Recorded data
BEGIN
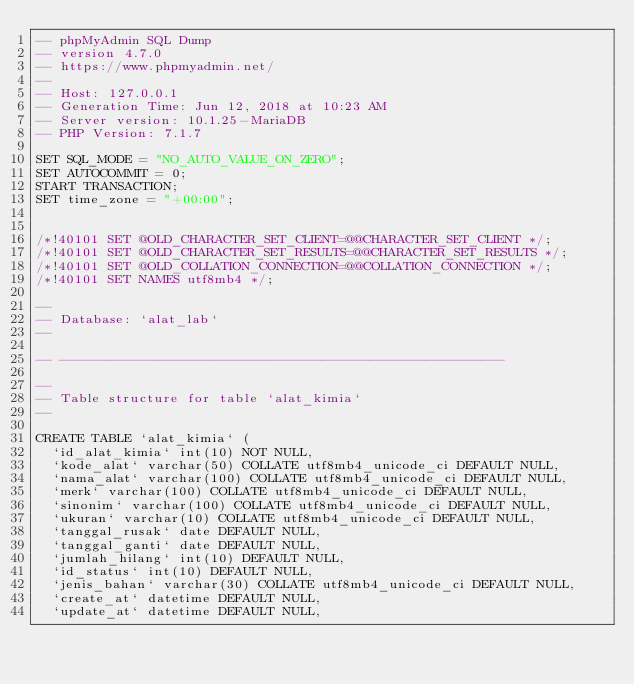Convert code to text. <code><loc_0><loc_0><loc_500><loc_500><_SQL_>-- phpMyAdmin SQL Dump
-- version 4.7.0
-- https://www.phpmyadmin.net/
--
-- Host: 127.0.0.1
-- Generation Time: Jun 12, 2018 at 10:23 AM
-- Server version: 10.1.25-MariaDB
-- PHP Version: 7.1.7

SET SQL_MODE = "NO_AUTO_VALUE_ON_ZERO";
SET AUTOCOMMIT = 0;
START TRANSACTION;
SET time_zone = "+00:00";


/*!40101 SET @OLD_CHARACTER_SET_CLIENT=@@CHARACTER_SET_CLIENT */;
/*!40101 SET @OLD_CHARACTER_SET_RESULTS=@@CHARACTER_SET_RESULTS */;
/*!40101 SET @OLD_COLLATION_CONNECTION=@@COLLATION_CONNECTION */;
/*!40101 SET NAMES utf8mb4 */;

--
-- Database: `alat_lab`
--

-- --------------------------------------------------------

--
-- Table structure for table `alat_kimia`
--

CREATE TABLE `alat_kimia` (
  `id_alat_kimia` int(10) NOT NULL,
  `kode_alat` varchar(50) COLLATE utf8mb4_unicode_ci DEFAULT NULL,
  `nama_alat` varchar(100) COLLATE utf8mb4_unicode_ci DEFAULT NULL,
  `merk` varchar(100) COLLATE utf8mb4_unicode_ci DEFAULT NULL,
  `sinonim` varchar(100) COLLATE utf8mb4_unicode_ci DEFAULT NULL,
  `ukuran` varchar(10) COLLATE utf8mb4_unicode_ci DEFAULT NULL,
  `tanggal_rusak` date DEFAULT NULL,
  `tanggal_ganti` date DEFAULT NULL,
  `jumlah_hilang` int(10) DEFAULT NULL,
  `id_status` int(10) DEFAULT NULL,
  `jenis_bahan` varchar(30) COLLATE utf8mb4_unicode_ci DEFAULT NULL,
  `create_at` datetime DEFAULT NULL,
  `update_at` datetime DEFAULT NULL,</code> 
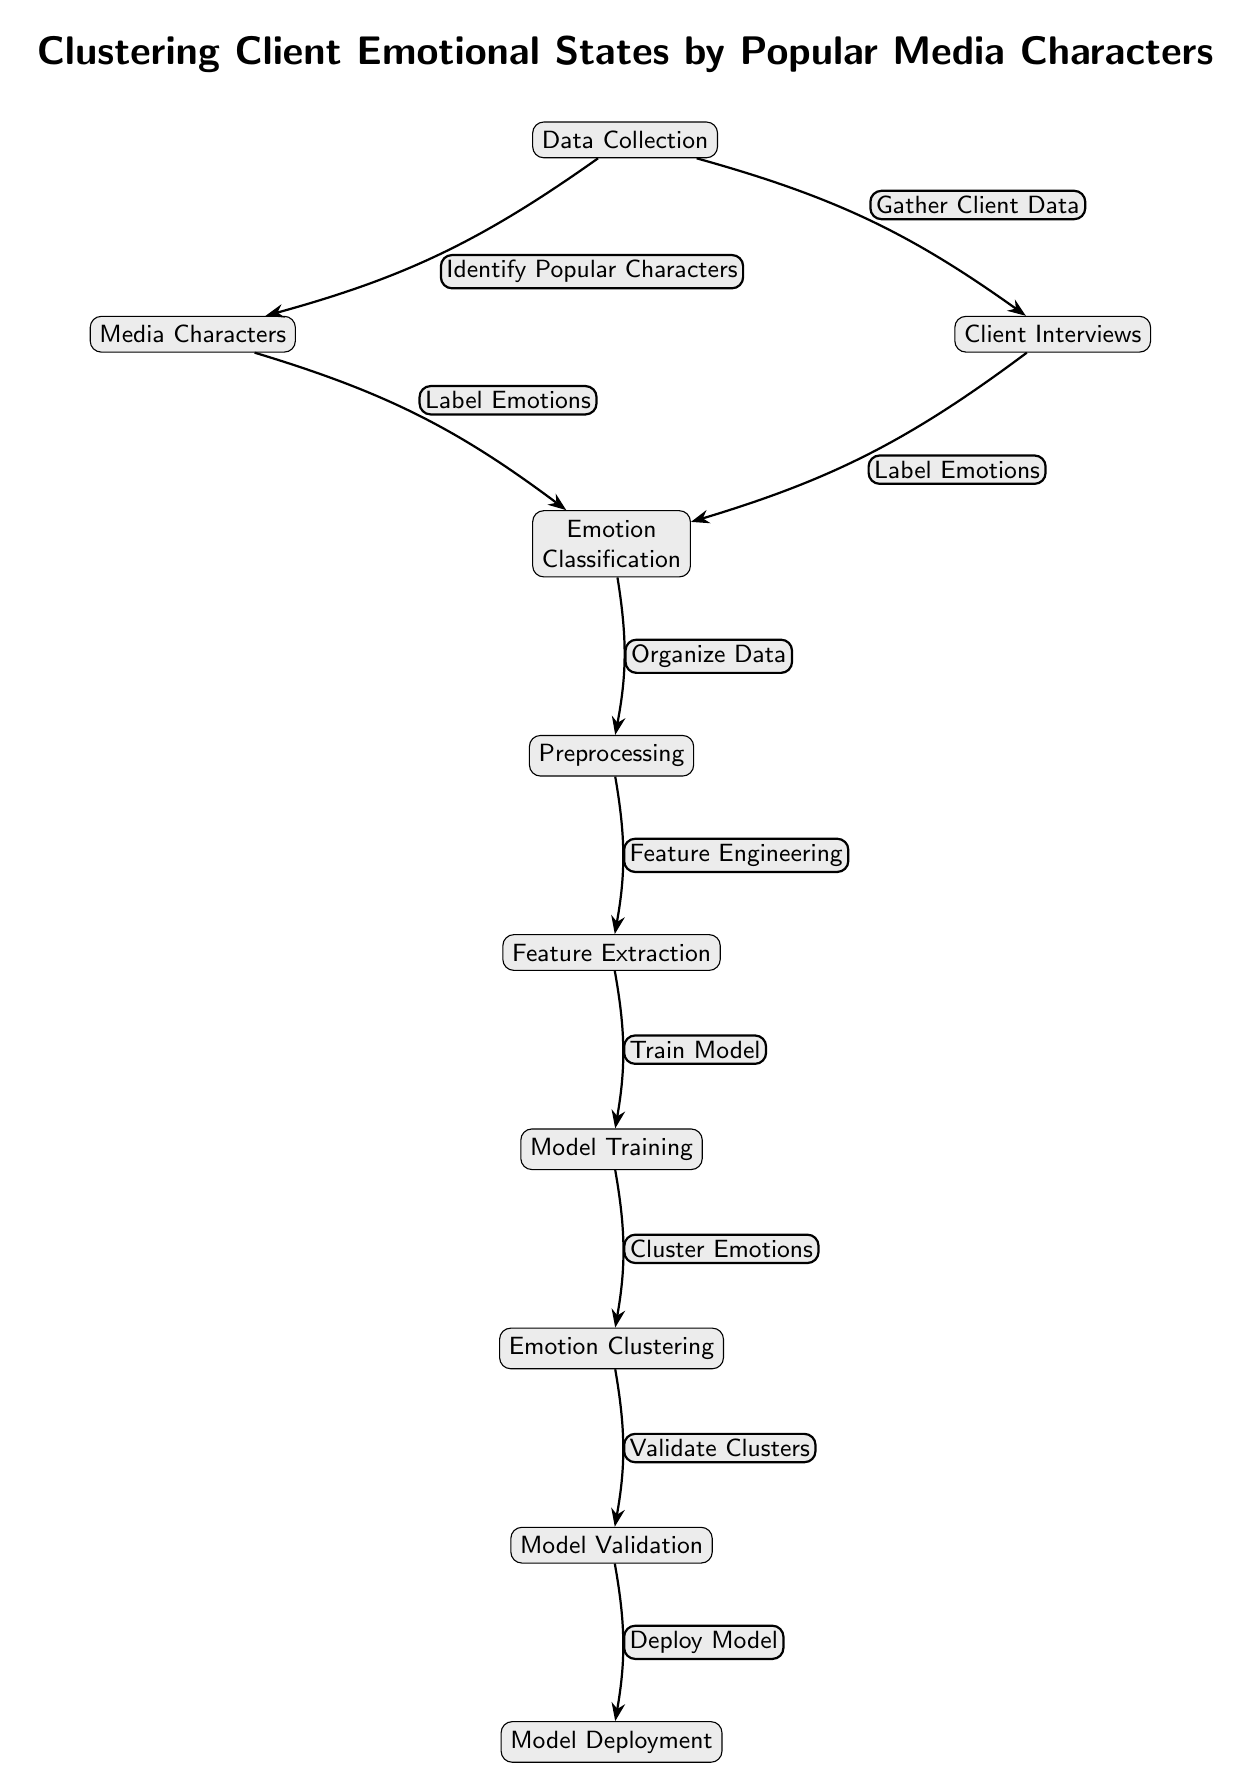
END
* Exercise description *
The final stretch of the data, from the line with "varchar(50) COLLATE utf8mb4_unicode_ci" through its last line, is to be retyped exactly; pictures are not part of the copy.

* Output *
  `kode_alat` varchar(50) COLLATE utf8mb4_unicode_ci DEFAULT NULL,
  `nama_alat` varchar(100) COLLATE utf8mb4_unicode_ci DEFAULT NULL,
  `merk` varchar(100) COLLATE utf8mb4_unicode_ci DEFAULT NULL,
  `sinonim` varchar(100) COLLATE utf8mb4_unicode_ci DEFAULT NULL,
  `ukuran` varchar(10) COLLATE utf8mb4_unicode_ci DEFAULT NULL,
  `tanggal_rusak` date DEFAULT NULL,
  `tanggal_ganti` date DEFAULT NULL,
  `jumlah_hilang` int(10) DEFAULT NULL,
  `id_status` int(10) DEFAULT NULL,
  `jenis_bahan` varchar(30) COLLATE utf8mb4_unicode_ci DEFAULT NULL,
  `create_at` datetime DEFAULT NULL,
  `update_at` datetime DEFAULT NULL,</code> 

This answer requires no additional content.